One question that pops into my mind is, are the free weeks and airline tickets already used or will you get them with the resale purchase of the membership?

Itchyfeet,
The AI rates vary by season and which resort you stay at the cheapest rate is 1460 for the week for mid august to late dec to 3304 for a week for during high time the week of christmas and new years.  Both of these rates are per room for two people.  You have to look at things a little differently becaue you are not required to pay MF the rates cover your maint fee + the extras and your meals.

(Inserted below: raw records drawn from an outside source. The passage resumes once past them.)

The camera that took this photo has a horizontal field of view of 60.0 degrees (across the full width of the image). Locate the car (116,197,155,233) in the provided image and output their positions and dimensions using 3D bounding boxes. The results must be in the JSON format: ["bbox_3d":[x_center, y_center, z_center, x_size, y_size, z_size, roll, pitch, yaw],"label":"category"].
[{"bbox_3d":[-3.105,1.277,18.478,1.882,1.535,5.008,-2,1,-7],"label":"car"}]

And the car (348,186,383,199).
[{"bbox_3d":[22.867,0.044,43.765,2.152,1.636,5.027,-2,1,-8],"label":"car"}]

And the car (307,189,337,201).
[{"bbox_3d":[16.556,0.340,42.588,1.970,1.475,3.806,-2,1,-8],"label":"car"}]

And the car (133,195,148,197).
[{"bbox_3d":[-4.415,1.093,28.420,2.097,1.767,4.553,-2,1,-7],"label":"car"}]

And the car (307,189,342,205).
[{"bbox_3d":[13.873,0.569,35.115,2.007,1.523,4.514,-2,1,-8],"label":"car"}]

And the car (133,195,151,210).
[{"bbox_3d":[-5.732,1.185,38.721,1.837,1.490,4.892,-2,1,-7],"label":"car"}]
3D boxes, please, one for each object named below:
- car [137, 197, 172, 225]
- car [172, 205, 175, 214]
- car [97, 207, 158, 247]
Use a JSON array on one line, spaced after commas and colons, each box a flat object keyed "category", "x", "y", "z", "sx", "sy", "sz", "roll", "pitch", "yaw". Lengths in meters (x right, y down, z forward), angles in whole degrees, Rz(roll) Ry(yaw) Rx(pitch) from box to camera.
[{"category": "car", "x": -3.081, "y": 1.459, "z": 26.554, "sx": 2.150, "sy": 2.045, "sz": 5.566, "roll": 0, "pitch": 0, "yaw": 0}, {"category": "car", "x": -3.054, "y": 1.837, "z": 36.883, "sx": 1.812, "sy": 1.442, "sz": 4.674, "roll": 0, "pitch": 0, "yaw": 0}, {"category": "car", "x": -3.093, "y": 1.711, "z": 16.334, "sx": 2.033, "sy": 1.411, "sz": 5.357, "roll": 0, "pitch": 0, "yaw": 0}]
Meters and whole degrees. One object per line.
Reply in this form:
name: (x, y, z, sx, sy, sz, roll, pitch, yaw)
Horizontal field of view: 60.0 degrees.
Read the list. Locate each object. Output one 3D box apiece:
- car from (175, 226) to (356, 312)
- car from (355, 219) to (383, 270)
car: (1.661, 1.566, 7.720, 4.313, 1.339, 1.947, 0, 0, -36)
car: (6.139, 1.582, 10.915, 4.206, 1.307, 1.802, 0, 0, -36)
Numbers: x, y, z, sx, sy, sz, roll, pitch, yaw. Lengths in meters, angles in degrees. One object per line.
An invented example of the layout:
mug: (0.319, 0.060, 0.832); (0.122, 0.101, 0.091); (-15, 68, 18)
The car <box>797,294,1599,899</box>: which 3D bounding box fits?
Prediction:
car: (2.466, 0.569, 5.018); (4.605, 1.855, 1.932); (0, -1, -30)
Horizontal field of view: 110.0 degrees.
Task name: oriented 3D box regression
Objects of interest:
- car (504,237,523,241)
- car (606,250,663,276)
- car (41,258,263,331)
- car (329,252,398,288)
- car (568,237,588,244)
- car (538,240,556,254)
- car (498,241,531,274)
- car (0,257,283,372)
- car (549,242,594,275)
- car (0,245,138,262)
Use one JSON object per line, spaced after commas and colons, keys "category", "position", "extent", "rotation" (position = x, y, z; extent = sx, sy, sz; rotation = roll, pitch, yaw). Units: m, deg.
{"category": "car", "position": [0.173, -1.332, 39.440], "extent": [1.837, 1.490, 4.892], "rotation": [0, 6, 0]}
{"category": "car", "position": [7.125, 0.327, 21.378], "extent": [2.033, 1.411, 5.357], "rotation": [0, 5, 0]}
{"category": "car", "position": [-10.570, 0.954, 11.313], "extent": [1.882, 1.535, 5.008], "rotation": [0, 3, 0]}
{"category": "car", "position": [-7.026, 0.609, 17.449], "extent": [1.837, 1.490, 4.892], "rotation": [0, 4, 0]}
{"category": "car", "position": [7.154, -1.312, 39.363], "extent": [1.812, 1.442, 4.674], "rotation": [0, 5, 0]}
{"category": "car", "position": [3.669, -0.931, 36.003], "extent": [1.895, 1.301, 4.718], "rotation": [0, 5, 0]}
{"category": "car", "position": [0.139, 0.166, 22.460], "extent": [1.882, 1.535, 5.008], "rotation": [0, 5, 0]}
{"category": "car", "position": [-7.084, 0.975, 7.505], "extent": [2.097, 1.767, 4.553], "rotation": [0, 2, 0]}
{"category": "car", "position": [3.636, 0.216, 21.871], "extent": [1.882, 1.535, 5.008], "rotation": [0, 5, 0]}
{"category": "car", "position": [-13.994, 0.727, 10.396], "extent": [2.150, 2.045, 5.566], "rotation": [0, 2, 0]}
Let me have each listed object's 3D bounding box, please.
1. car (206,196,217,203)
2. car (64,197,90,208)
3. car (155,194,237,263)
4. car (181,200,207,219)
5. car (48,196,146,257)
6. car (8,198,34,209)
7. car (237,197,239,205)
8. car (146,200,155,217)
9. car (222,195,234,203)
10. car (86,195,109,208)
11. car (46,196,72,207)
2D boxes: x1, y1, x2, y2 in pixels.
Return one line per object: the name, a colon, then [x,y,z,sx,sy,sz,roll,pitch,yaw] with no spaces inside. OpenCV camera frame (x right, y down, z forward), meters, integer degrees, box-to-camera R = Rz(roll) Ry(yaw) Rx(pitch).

let me know if you guys have any more questions, I'm always happy to help!

Kathy


----------



## jtcolson

My husband and I are interested in purchasing 50 weeks from an existing Palace resort VIP premier member that has over 200 weeks.  Does anyone know if they will create a new member number for us and transfer these weeks into our name?  How does that work?  Thanks in advance for the help.


----------



## venomous99

i know this is an old thread but ill answer the question...
as far as i know, palace resorts doesnt offer this option for those buying several weeks from a member. basically this would have to be managed through the member who would grant you access to use their membership weeks. obviously, this method isnt attractive for both member and potential buyer 

on older timeshare memberships such as world vacation travel, they used to issue numbered certificates that were assigned to a particular membership so as a member, you could give/sell the certificate weeks to whoever u wanted.  they no longer do this.


----------



## Semi-Retired

*Wanting to BUY Palace Resort weeks*

We Love the Palace Resorts (Moon Palace). We would like to buy a members remaining weeks rather than through the resort . I seem to find many rentals , but I don't see any members wanting to sell their package of weeks . Why is that ?


----------